(DESCRIPTION OF THE TASK): Text only, exactly as given: reproduce the entries below without their pictures.

Dataset entries:
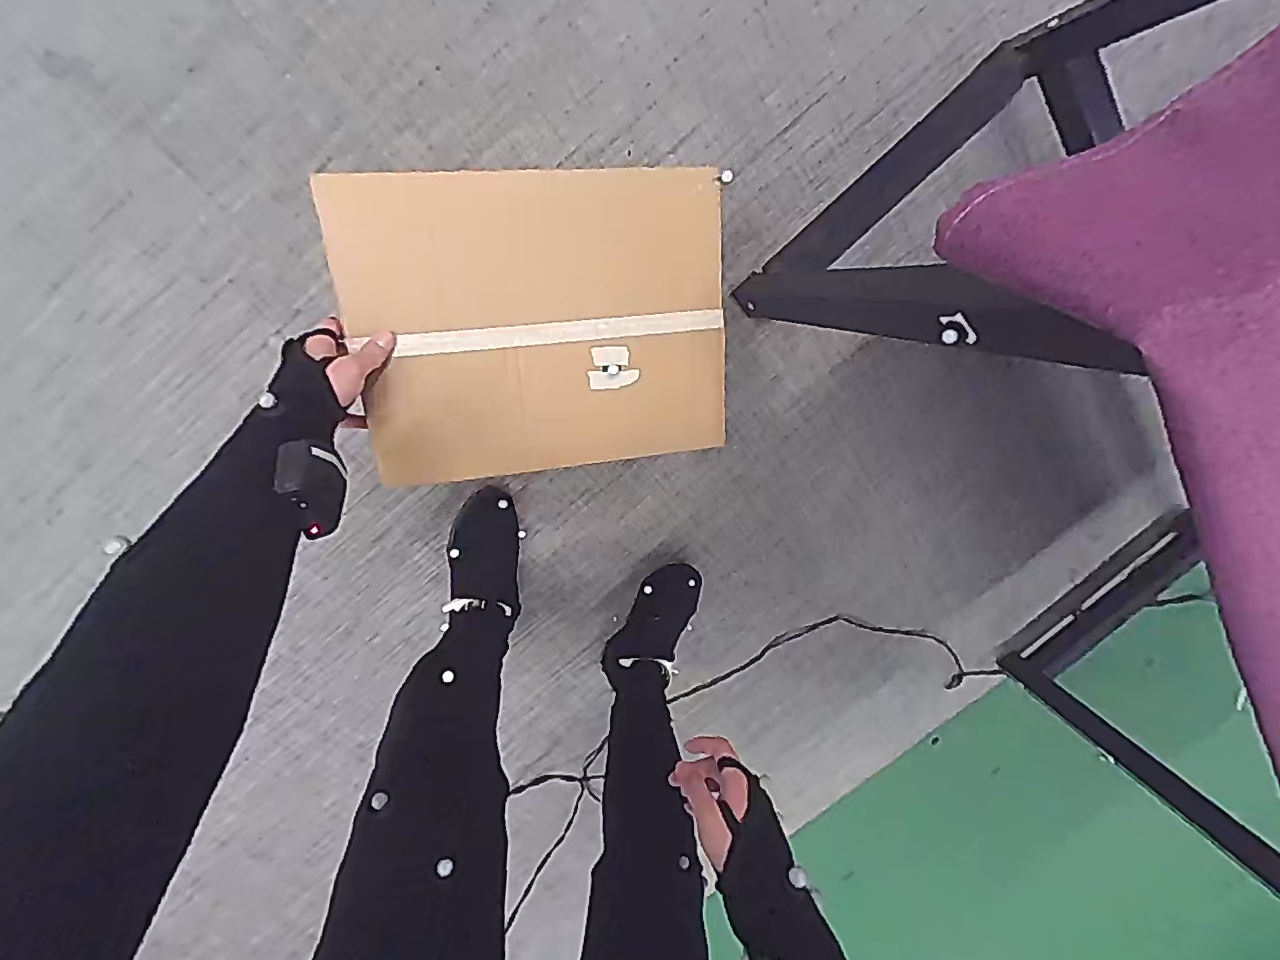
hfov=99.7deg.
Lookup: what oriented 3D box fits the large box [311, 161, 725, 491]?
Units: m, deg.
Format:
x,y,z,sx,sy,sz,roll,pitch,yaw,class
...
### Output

(ANSWER BOX):
hfov=99.7deg.
Lookup: what oriented 3D box fits the large box [311, 161, 725, 491]?
Units: m, deg.
Format:
x,y,z,sx,sy,sz,roll,pitch,yaw,class
...
### Output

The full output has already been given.